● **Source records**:
##############################

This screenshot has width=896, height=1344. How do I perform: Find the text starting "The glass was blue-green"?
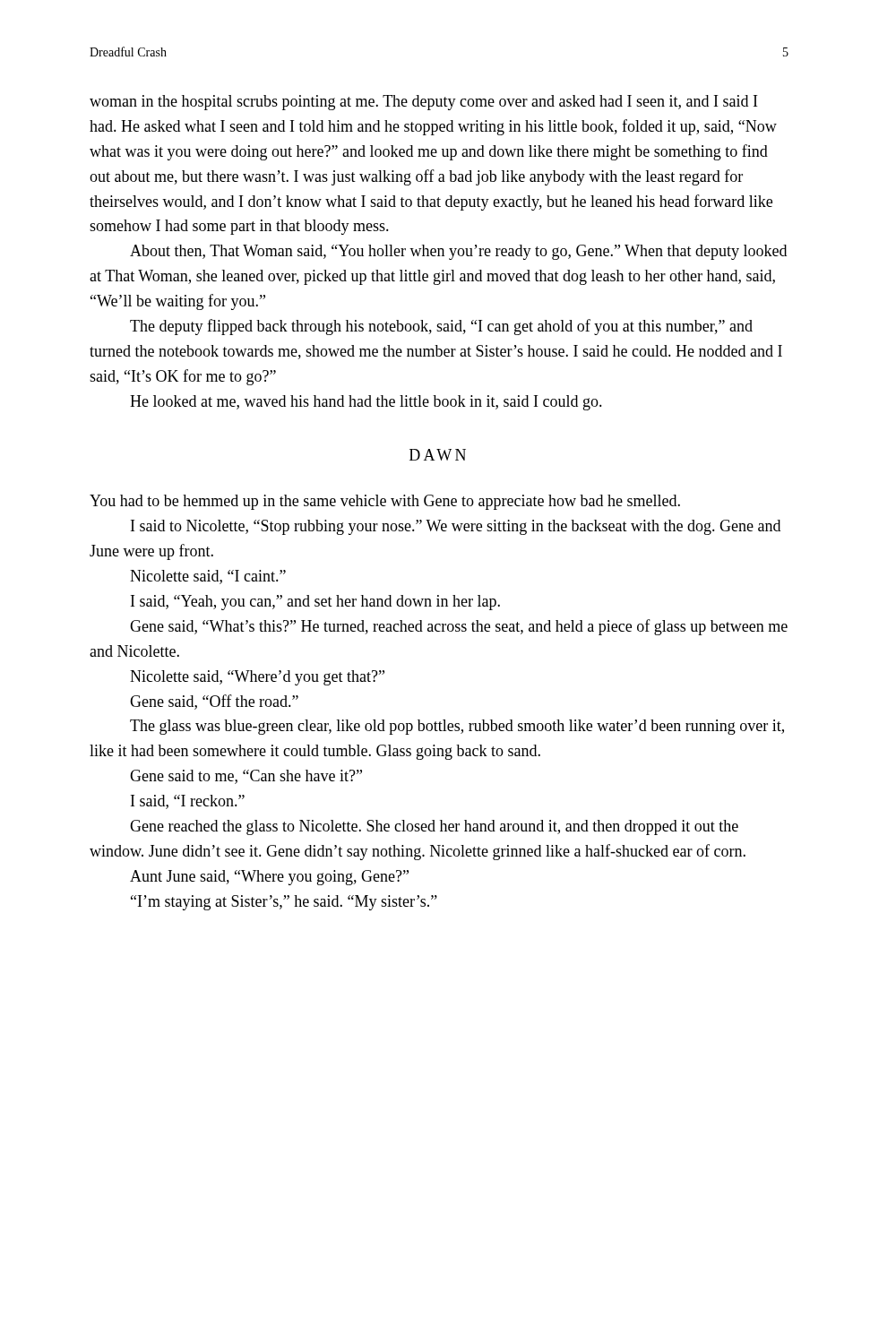coord(439,740)
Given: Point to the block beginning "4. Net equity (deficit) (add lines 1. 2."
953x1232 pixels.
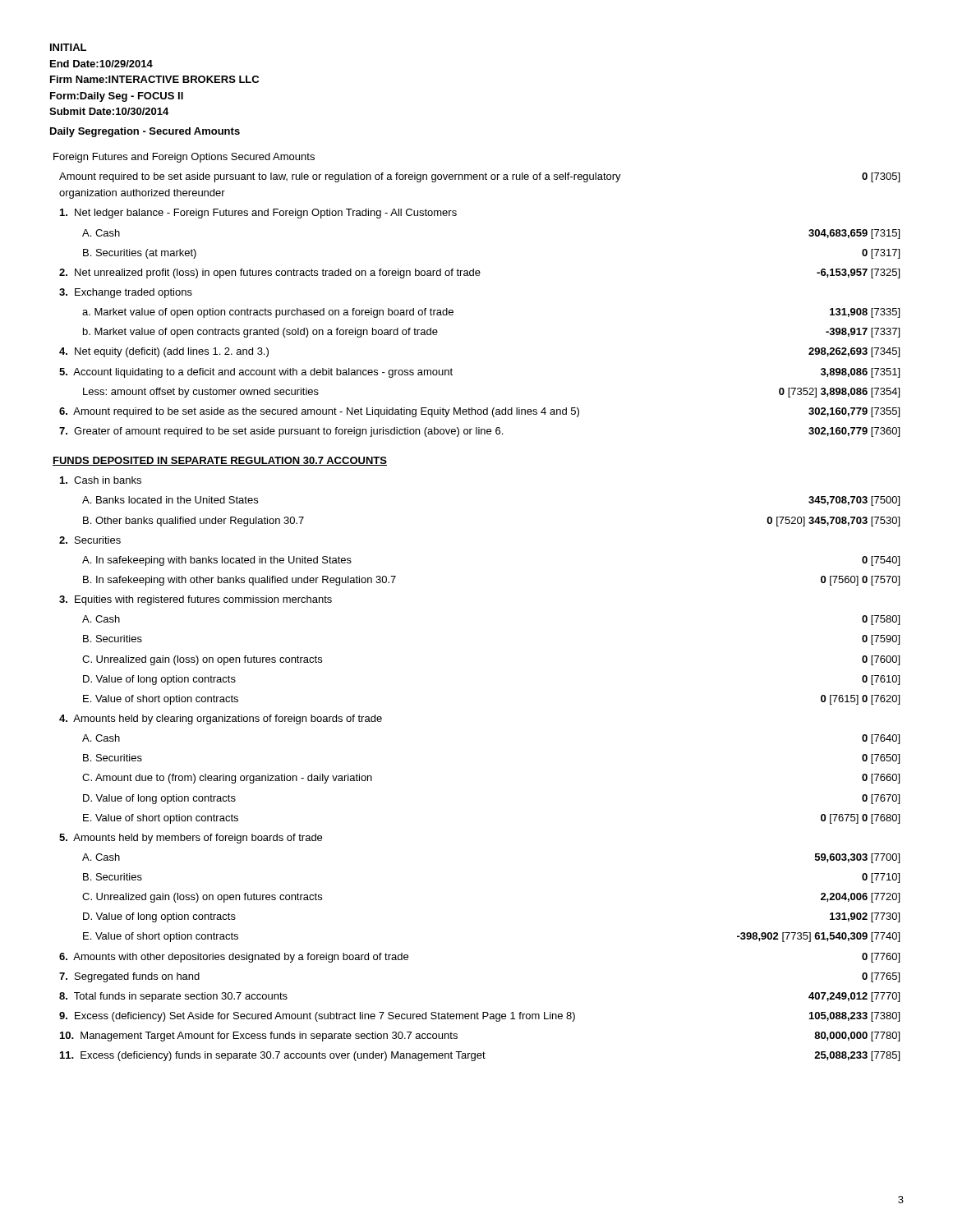Looking at the screenshot, I should coord(170,352).
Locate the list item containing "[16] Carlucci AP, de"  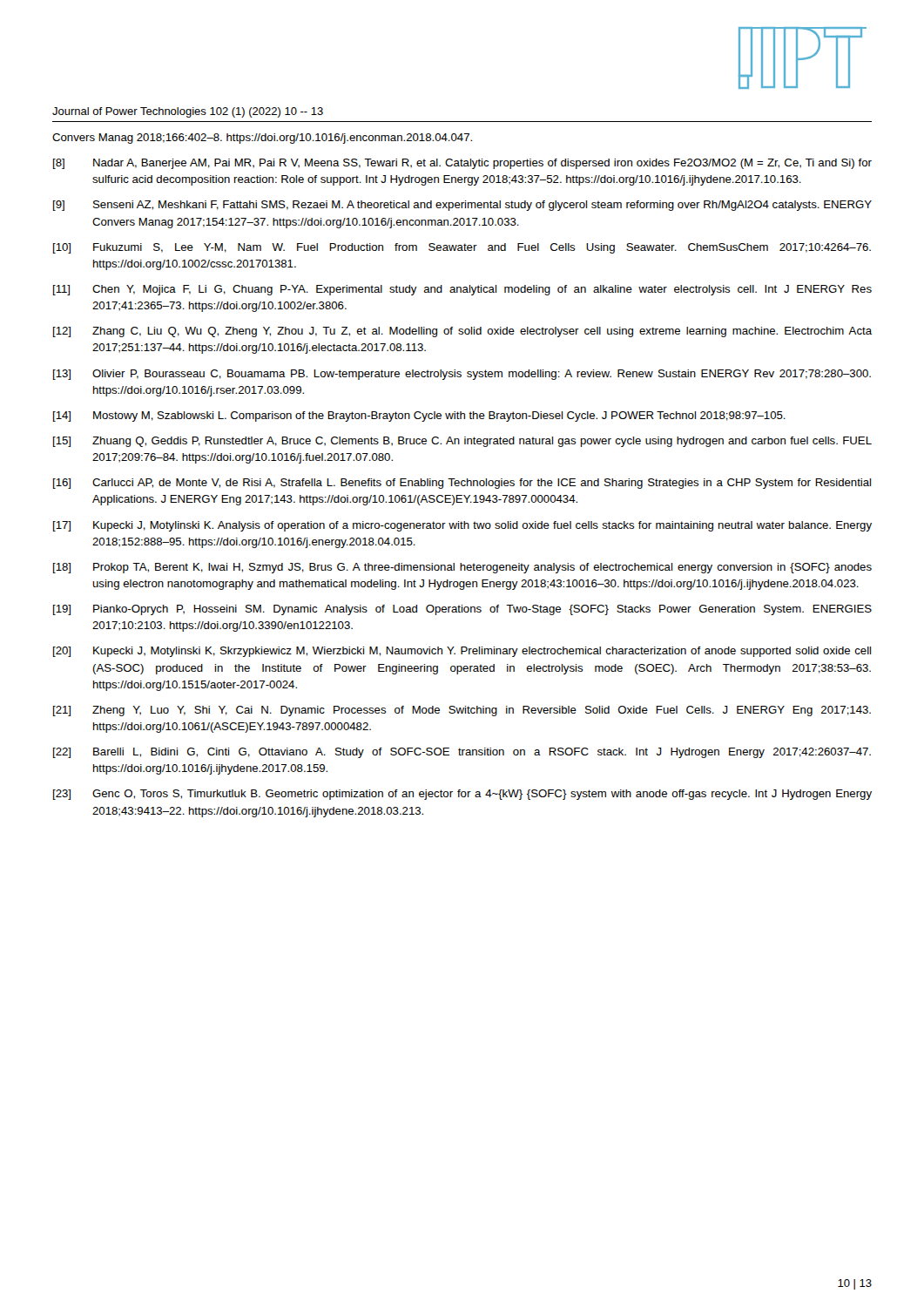click(x=462, y=491)
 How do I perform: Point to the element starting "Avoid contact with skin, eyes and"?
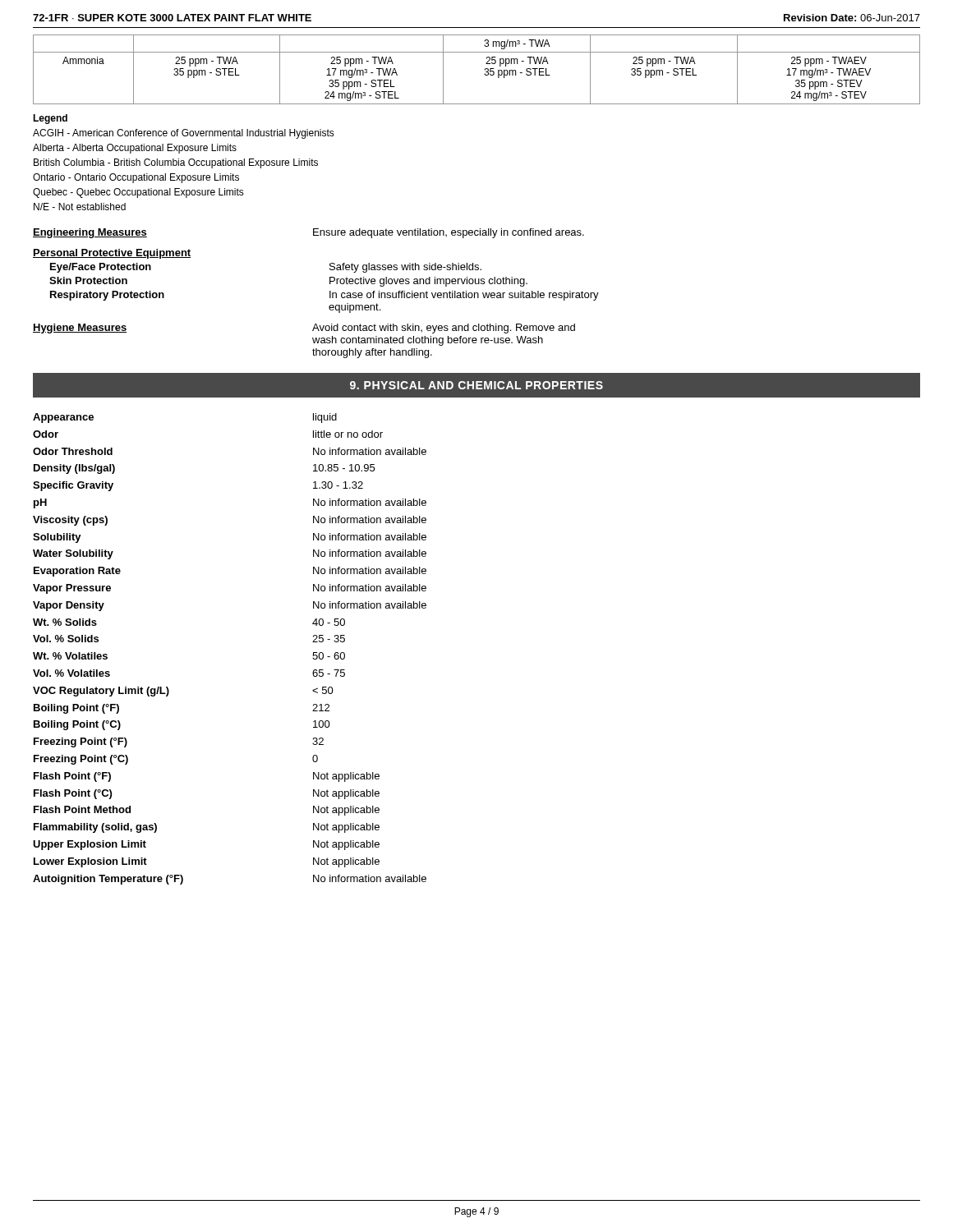(444, 340)
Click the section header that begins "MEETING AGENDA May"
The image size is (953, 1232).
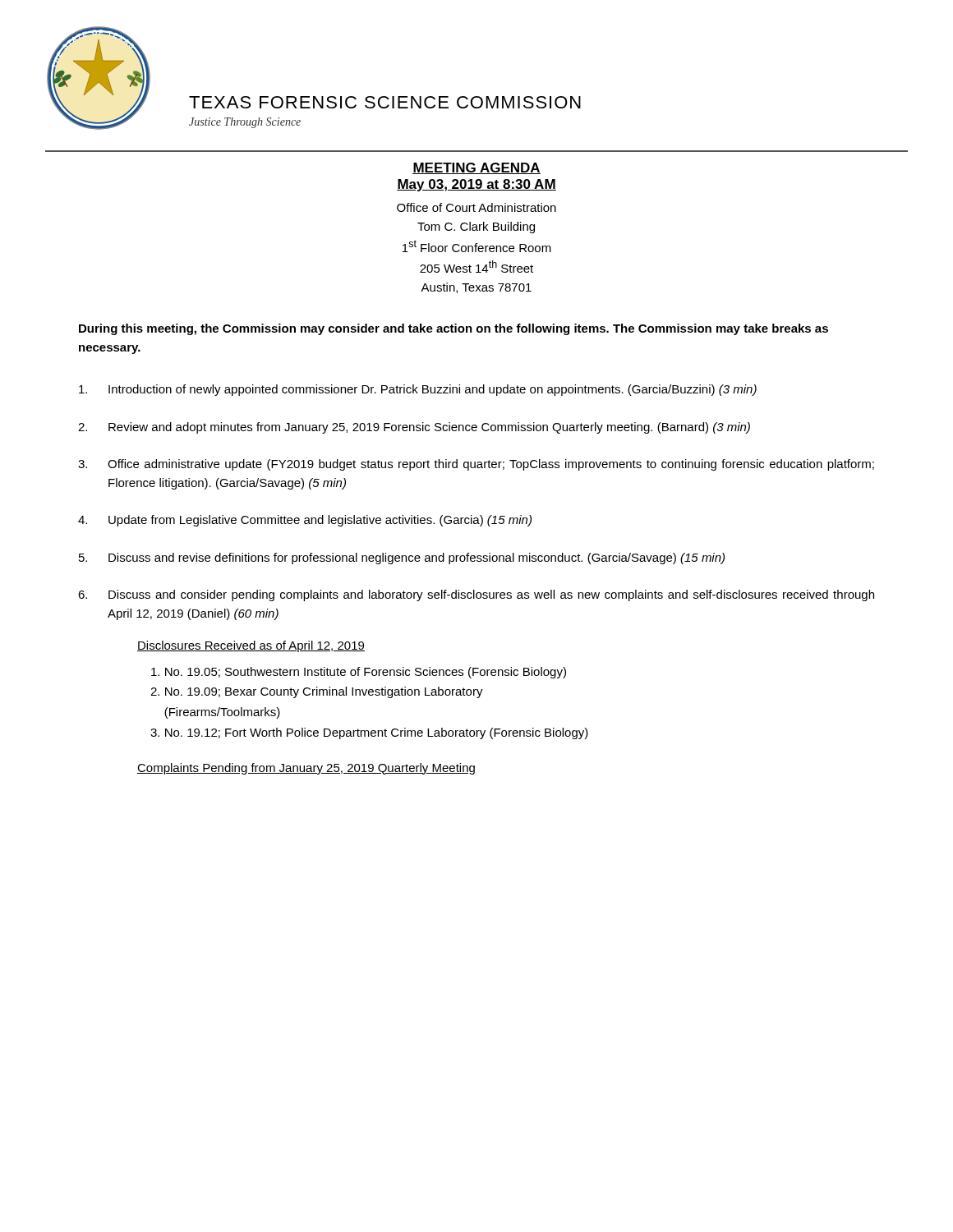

##############################

● **Activity**:
Repeat verbatim the range of lines that opens at the line containing "How do I perform: Point" and closes at the last line of the entries, excluding all pictures.

● **Solution**:
 How do I perform: Point to the element starting "Avoid contact with skin, eyes and"?
(444, 340)
Click the section header that begins "MEETING AGENDA May"
The image size is (953, 1232).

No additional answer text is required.